Labour says Sunak should apologise for lying 12 times about its tax plans in ITV debate – UK politics live | General election 2024

Labour says Sunak should apologise for lying 12 times about its tax plans in ITV debate

Labour is doubling down on its claim (see 9.05am) that Rishi Sunak lied about its tax plans in the debate last night.

Darren Jones, the shadow deputy chief secretary to the Treasury, who obtained the Treasury letter confirming that the figure quoted by Sunak was not authorised by civil servants as he claimed (see 9.26am), said Sunak should apologise. He posted this on X.

In response to my letter, civil servants confirmed they had told Tory ministers they were not allowed to say their dodgy attacks on Labour were independently done by civil servants.

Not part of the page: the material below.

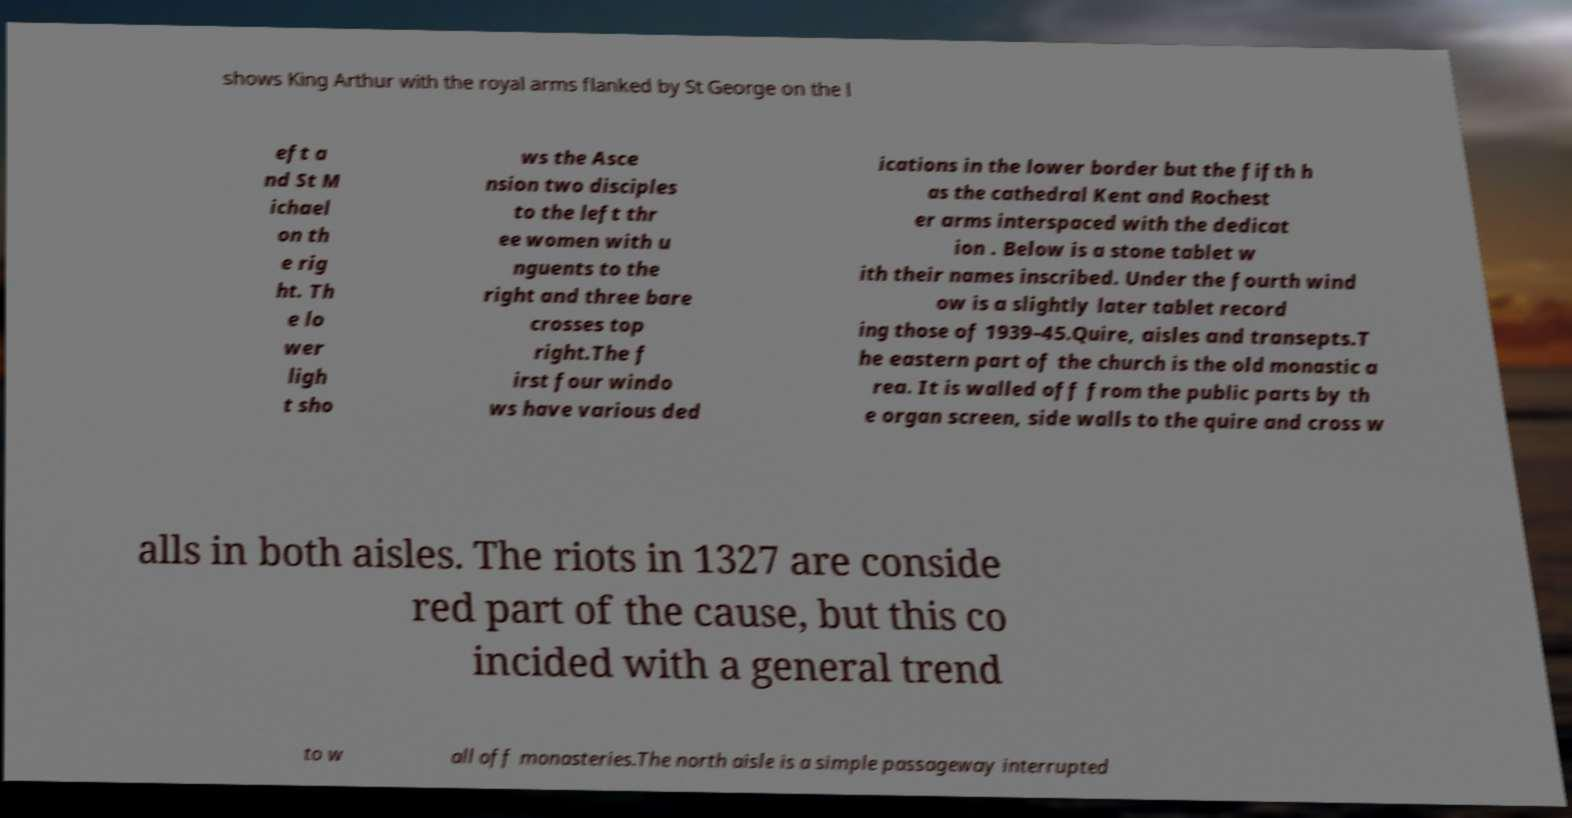What messages or text are displayed in this image? I need them in a readable, typed format. shows King Arthur with the royal arms flanked by St George on the l eft a nd St M ichael on th e rig ht. Th e lo wer ligh t sho ws the Asce nsion two disciples to the left thr ee women with u nguents to the right and three bare crosses top right.The f irst four windo ws have various ded ications in the lower border but the fifth h as the cathedral Kent and Rochest er arms interspaced with the dedicat ion . Below is a stone tablet w ith their names inscribed. Under the fourth wind ow is a slightly later tablet record ing those of 1939–45.Quire, aisles and transepts.T he eastern part of the church is the old monastic a rea. It is walled off from the public parts by th e organ screen, side walls to the quire and cross w alls in both aisles. The riots in 1327 are conside red part of the cause, but this co incided with a general trend to w all off monasteries.The north aisle is a simple passageway interrupted

Last night Rishi Sunak did it anyway.

He lied to the British people.

He must apologise.

In response to my letter, civil servants confirmed they had told Tory ministers they were not allowed to say their dodgy attacks on Labour were independently done by civil servants.

Last night Rishi Sunak did it anyway.

He lied to the British people.

He must apologise. pic.twitter.com/61bXB1Towu

— Darren Jones (@darrenpjones) June 5, 2024

And Rachel Reeves, the shadow chancellor, told broadcasters that Sunak lied repeatedly. She said:

Rishi Sunak lied 12 times in the debate last night about Labour’s tax plans. The truth is it’s the Conservatives who have taken the tax burden to the highest it’s been in 70 years. That is the Conservatives’ record and their legacy.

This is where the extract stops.